ほどなく自分の携帯を手にした後藤は、そのまま液晶に見入ってしまった。メールの着信があったらしく、操作を始める。

「ちょっとー。後藤さーん?部屋帰んないのー?」

「あー、待って。なんかねぇ、ここの方が電波がいいんだよねー」

のほほんと答える声に、長くなりそうだな、と悟る。ドアに鍵をかけて、あたしも奥へと戻った。

メールを送り返している後藤をよそに、中断していた作業を再開する。ゴミを全部捨てて、リモコンを探し出してテレビを消して。

すっかり片づいて手持ちぶさたになったあたしは、あらためて後藤を振り返った。

「いつまでやってんの、ごっちん。さっさと戻って寝ないと、明日起きらんないよ?」

「うん。もーちょっと……」

うわの空な感じで答えられたけど、まぁ後藤だからしょうがない、なんて思う。メールのやりとりをしているのを、なんとなく眺めていた。

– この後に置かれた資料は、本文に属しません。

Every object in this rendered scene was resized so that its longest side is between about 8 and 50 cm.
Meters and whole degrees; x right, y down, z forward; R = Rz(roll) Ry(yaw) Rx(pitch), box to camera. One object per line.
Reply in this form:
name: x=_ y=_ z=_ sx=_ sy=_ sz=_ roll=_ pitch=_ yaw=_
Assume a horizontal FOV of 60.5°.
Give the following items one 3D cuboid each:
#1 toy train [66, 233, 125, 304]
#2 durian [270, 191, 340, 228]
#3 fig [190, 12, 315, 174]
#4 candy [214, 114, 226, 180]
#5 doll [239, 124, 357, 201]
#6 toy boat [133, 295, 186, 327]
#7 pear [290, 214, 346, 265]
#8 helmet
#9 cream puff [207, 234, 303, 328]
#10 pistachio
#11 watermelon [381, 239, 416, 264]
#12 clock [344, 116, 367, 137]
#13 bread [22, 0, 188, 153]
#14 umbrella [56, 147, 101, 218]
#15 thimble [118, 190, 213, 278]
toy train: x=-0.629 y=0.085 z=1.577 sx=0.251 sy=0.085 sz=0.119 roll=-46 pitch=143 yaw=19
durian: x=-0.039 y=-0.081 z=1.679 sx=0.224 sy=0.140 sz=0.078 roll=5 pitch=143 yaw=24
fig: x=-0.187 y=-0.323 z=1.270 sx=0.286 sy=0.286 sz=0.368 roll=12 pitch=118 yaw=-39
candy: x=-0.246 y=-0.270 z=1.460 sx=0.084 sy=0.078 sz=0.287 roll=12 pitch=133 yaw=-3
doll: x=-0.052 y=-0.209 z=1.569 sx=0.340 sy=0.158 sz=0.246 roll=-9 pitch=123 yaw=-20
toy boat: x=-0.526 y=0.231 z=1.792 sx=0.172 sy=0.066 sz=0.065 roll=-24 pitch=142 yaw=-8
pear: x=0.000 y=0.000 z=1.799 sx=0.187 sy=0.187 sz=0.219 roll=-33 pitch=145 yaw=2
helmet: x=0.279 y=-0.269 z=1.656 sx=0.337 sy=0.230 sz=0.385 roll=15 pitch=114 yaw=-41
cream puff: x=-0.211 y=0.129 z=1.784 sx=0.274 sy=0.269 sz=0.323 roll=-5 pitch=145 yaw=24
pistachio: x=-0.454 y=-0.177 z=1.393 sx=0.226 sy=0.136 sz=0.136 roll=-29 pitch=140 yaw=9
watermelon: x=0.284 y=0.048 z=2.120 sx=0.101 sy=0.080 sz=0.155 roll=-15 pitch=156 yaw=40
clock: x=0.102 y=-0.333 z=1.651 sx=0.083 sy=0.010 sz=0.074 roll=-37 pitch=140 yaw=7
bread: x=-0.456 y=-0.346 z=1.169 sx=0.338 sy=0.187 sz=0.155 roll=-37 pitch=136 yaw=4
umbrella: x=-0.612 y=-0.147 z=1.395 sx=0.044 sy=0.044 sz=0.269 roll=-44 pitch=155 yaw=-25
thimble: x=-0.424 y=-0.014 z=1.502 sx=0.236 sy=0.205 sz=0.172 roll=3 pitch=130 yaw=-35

視線を伏せているだけでやたらと真剣に見える、後藤の横顔を。



「圭ちゃん、風邪ってさ、もう大丈夫なの?」

不意に問い掛けられたのは、明日の支度をしておこうとバッグの中を探っていたときに、後ろから。

「は?」

突然の質問に振り返ったら、さっきまでと同じ場所に立ったままの後藤がこっちを見ていた。

「やー、だからさ。風邪じゃなかったっけ、扁桃腺?もう、熱出たりとかしないよね」

何故だか自分の喉元に手を当てて、首を傾げてみせたりする後藤はまるで子供みたいだ。パジャマ代わりのジャージ姿。

「……あぁ。もう全然?ってゆーかいつの話よ、それ」

言うほど古い話じゃなかったけれど、あんまり思い出したくない話題で、あたしはついついキツい口調になってしまう。

それでも後藤は気にするふうでもなく、そうだよねぇ、なんて笑った。

そうして、ぽすり、とソファに腰を下ろす。はーあ、と安堵とも溜息ともつかない声を漏らしながら。



「何、ごっちん、風邪っぽいの?熱は?」

脈絡のない会話と行動に、あたしは少し動揺していた。そのまま歩み寄って、後藤の額に手を当てる。

「熱、あるかなぁ」

ぼんやりと見上げる瞳。本気で焦る。自分の額に当てた反対の手と、けれどもはっきりした差は感じられない。

「ダメだ、分かんない。体温計でちゃんと計んないと……頭痛い?喉?」

覗き込んだあたしに、後藤は、ふにぃっと顔を緩ませた。

「ううん、別に何処も痛くないよ。熱もねー、計っても平熱だと思う」

呑気な言葉を聞いて、やっと落ち着いて我に返った。……てゆうか。後藤。

「なんとも、ない?別に。もしかして。最初っから」

「うん。全然ー」

へらっ、と笑顔を見せた後藤は、それから本格的に笑い出した。だって圭ちゃん、超真剣な顔してんの!とか言いながら。

あぁ、確かにあたしの勘違いだけどさぁ!いきなり訳分かんないこと言うから!――あたしは、ひとしきり、切れて叫んだ。一応。



「ちょっと。もういいよ、あんた早く部屋帰んなさいよ」

切れた延長で、そう言い放つ。理想的な就寝時間はとっくに過ぎている。

「そうねー。うん」

素直な返事は口先だけのこと。後藤はどうにも動こうとしなかった。なんだか、立ち上がる意志を感じない。

そして、何気にずっと手にしていた――元々それを取りに来た筈の――携帯電話を、テーブルの上に無造作に置いた。



「何……泊まってくの?」

「んー。そうする」

降って湧いたような結論に、あたしは少しだけ気持ちが追いつかなかった。